How to Use the Image Compressor
- Upload your image — click the upload area and select a JPEG, PNG, or WebP file from your device.
- Crop (optional) — choose Free, 1:1 (square), 16:9 (widescreen), or Circle crop and drag to adjust. Click Apply Crop when ready.
- Set the quality — drag the quality slider. 70–80% is the recommended sweet spot for most web images: significant file size reduction with no visible quality loss.
- Choose output format — JPEG for photos, PNG for images with transparency, WebP for the smallest file size on modern browsers.
- Set dimensions (optional) — enter a custom width or height in pixels to resize the image. Leave blank to keep the original dimensions.
- Click Compress and download your optimized image.
JPEG, PNG, or WebP — Which Format Should You Use?
Choosing the right image format before compressing can significantly reduce file size without any quality loss. Here is when to use each format.
JPEG — best for photos and complex images
JPEG uses lossy compression, which discards some image data to produce very small file sizes. It is ideal for photographs, product images, and any image with many colors and gradients. A JPEG at 75–80% quality is typically indistinguishable from the original at less than half the file size. JPEG does not support transparency.
PNG — best for graphics, logos, and transparency
PNG uses lossless compression — no image data is discarded. File sizes are larger than JPEG, but the image quality is perfect. Use PNG for logos, icons, screenshots, diagrams, and any image that requires a transparent background. Avoid PNG for photographs as the files will be unnecessarily large.
WebP — best for web performance
WebP is a modern format developed by Google that produces files 25–35% smaller than JPEG at equivalent quality, and also supports transparency like PNG. It is supported by all major browsers. Use WebP for any image on your website to improve page load speed and Core Web Vitals scores.
Why Optimizing Images Matters for Your Website
- Faster page load speed — images are typically the largest files on a webpage. Compressing them is the single most impactful change you can make to reduce load time.

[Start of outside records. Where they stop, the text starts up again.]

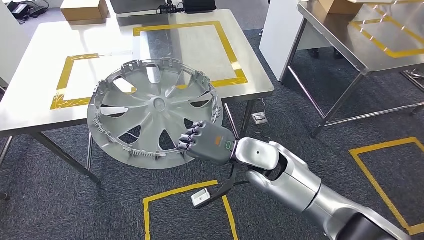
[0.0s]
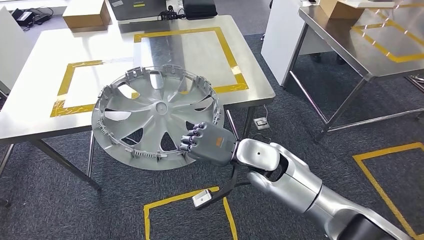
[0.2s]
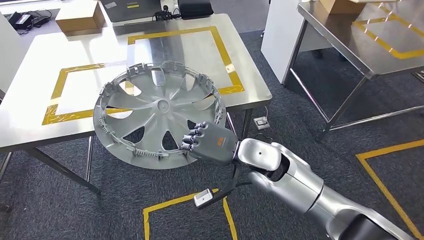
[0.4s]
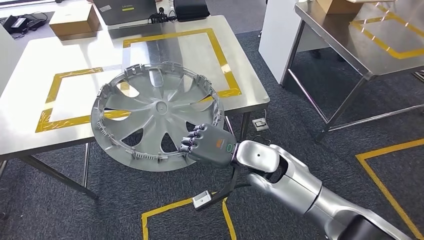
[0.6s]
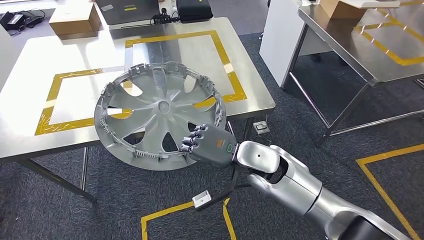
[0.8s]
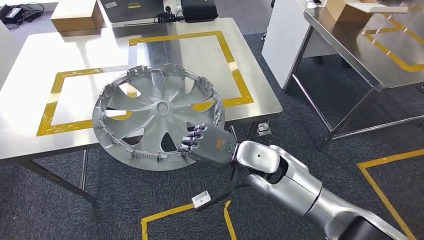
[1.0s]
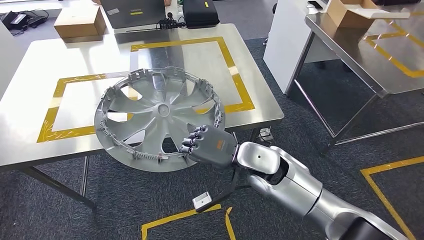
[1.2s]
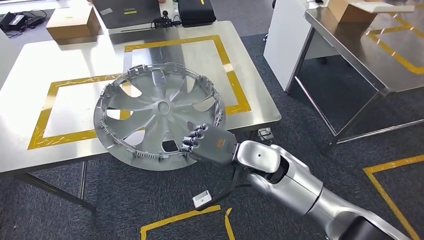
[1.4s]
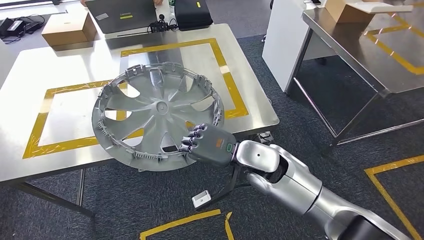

- Better SEO rankings — Google uses page speed as a ranking signal. Slower pages rank lower. Compressed images directly improve your Core Web Vitals scores.
- Lower bounce rate — studies show that pages taking more than 3 seconds to load lose over 50% of visitors. Smaller images keep users on the page.
- Reduced hosting bandwidth — smaller image files mean lower data transfer costs, which matters especially on shared hosting plans.
- Better mobile experience — mobile users on slower connections benefit the most from compressed images. Google's mobile-first indexing makes this especially important.
- Email deliverability — large images in emails can trigger spam filters or cause slow rendering. Compress images before embedding them in campaigns.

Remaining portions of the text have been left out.